Mehta, on the other hand, has said nothing publicly, and his silence speaks louder. The company signed a $27 billion AI infrastructure deal with Nebius Group in March 2026. Additionally, annual capital expenditures are expected to be between $115 billion and $135 billion, making the company’s AI training pipeline one of its most strategically sensitive assets. The decision to suspend a relationship with a data vendor, even a critical one, is only made when the risks to your proprietary methodology outweigh the operational costs of stopping work.
AI supply chain warning
The Mercor breach is, in some ways, a traditional supply chain attack. Attackers discovered weak links in open source dependencies and used them to steal credentials and leak data. In other ways, it is newer and more disturbing. The AI industry has built its most valuable intellectual property on an interconnected web of data vendors, open source tools, and shared infrastructure that now constitutes an attack surface that no single company has complete control over.
Security companies are warning about this very move. Aikido Security, which achieved unicorn status in January 2026, built its business on the premise that open source dependency risks exist in enterprise software. The Mercor incident suggests that the same logic applies, perhaps more acutely, to AI training pipelines.
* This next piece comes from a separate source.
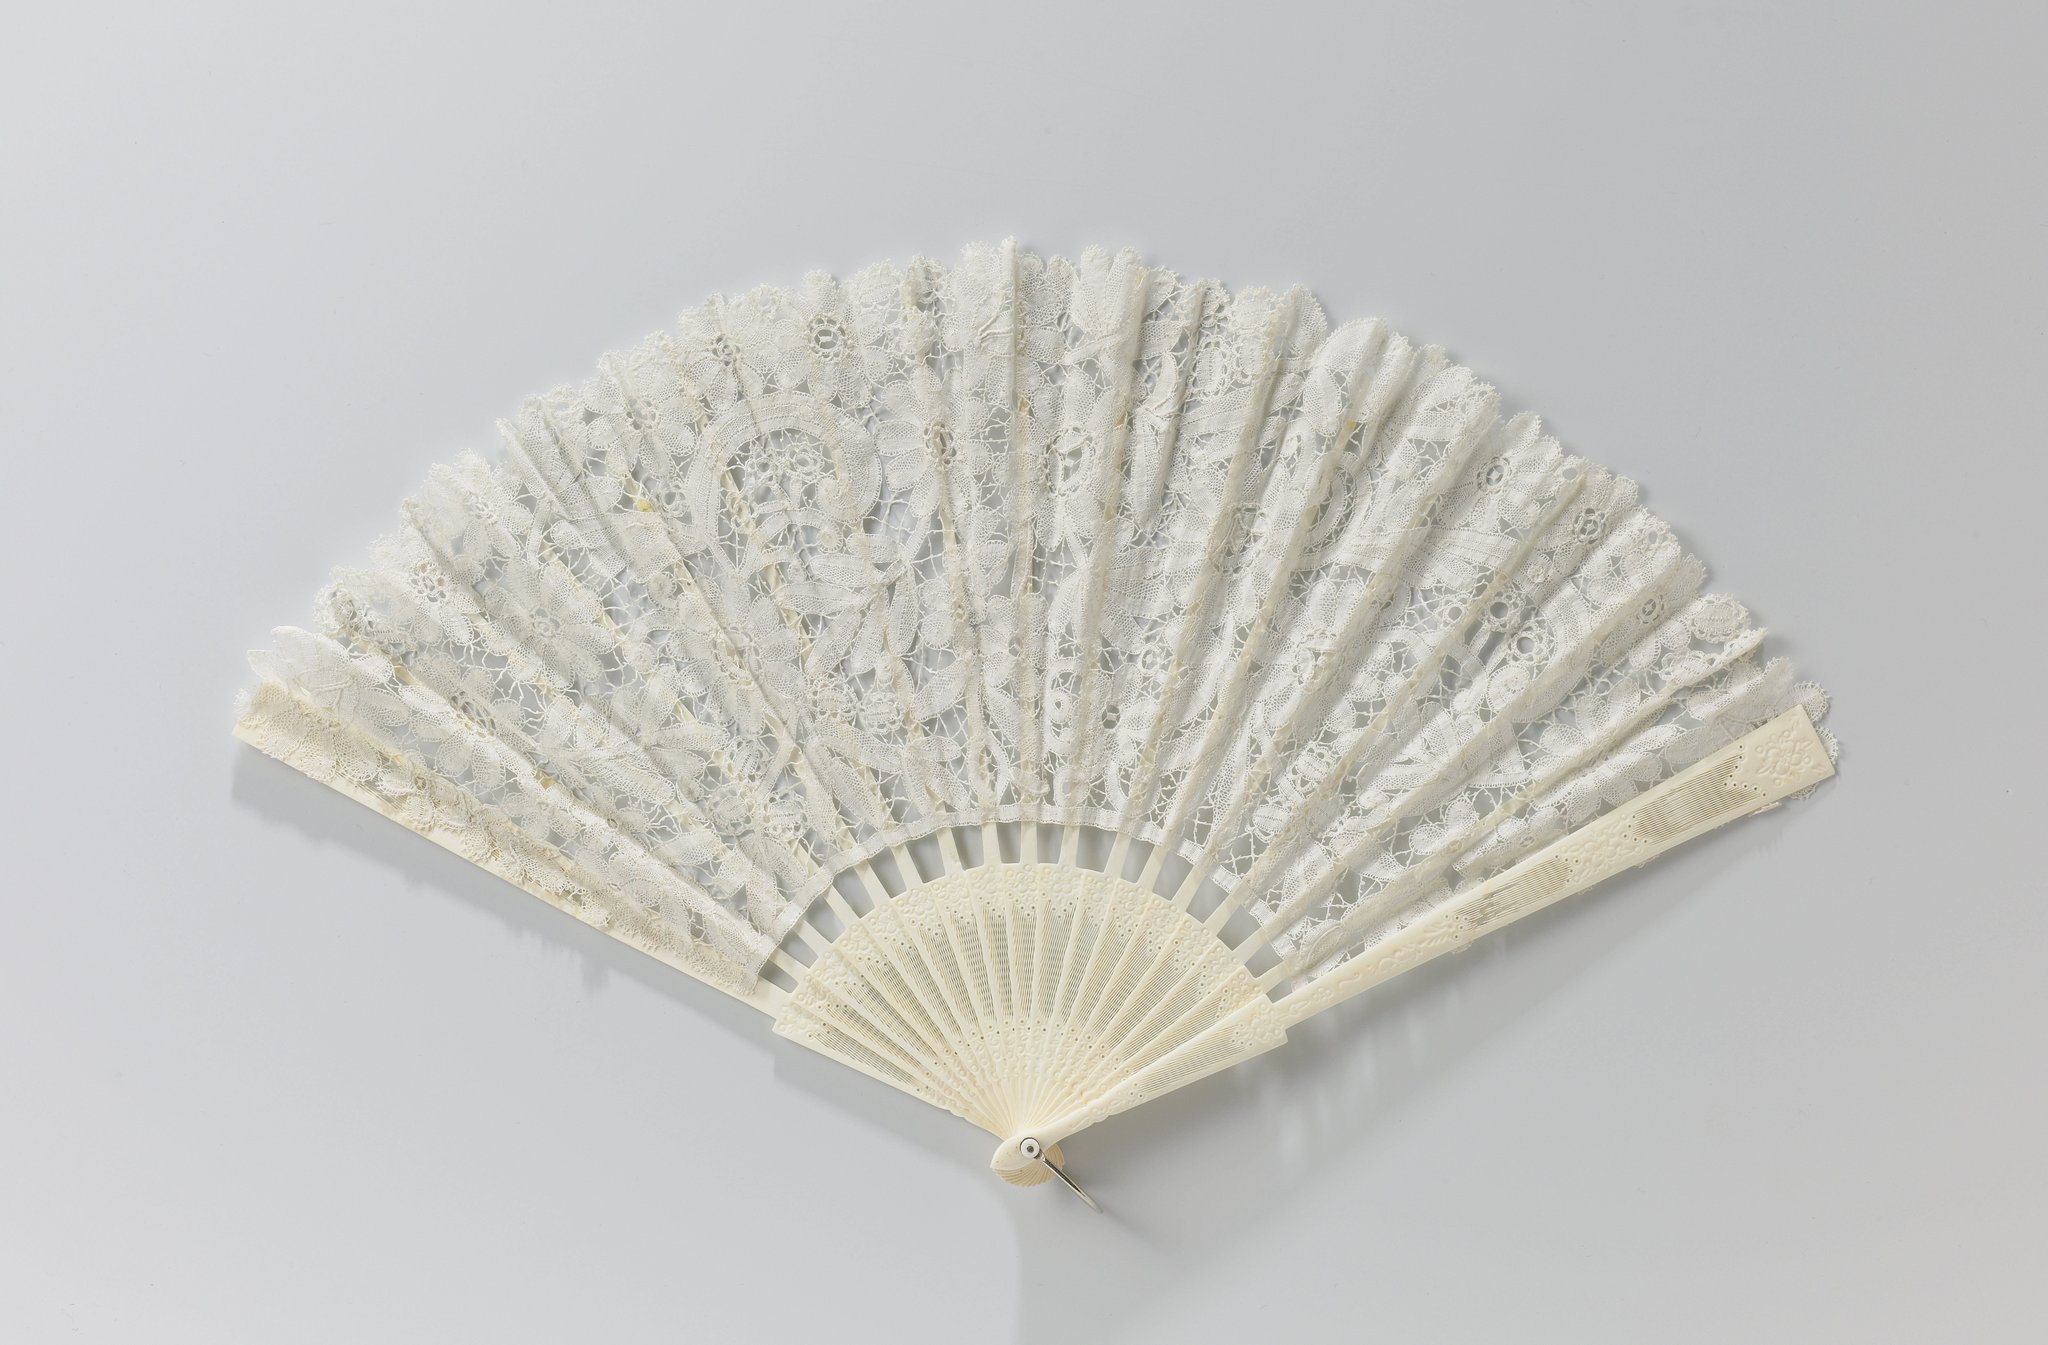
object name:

For the three young founders who built one of the technology industry’s fastest-growing companies, the coming months will test whether Melkor’s extraordinary momentum can withstand a breach that exposed not only users’ data but also their customers’ most carefully guarded secrets. 2025 is a year of drastic changes in the AI industry. was built on the premise that the infrastructure that supports it is secure enough to be trusted. That assumption is currently under consideration.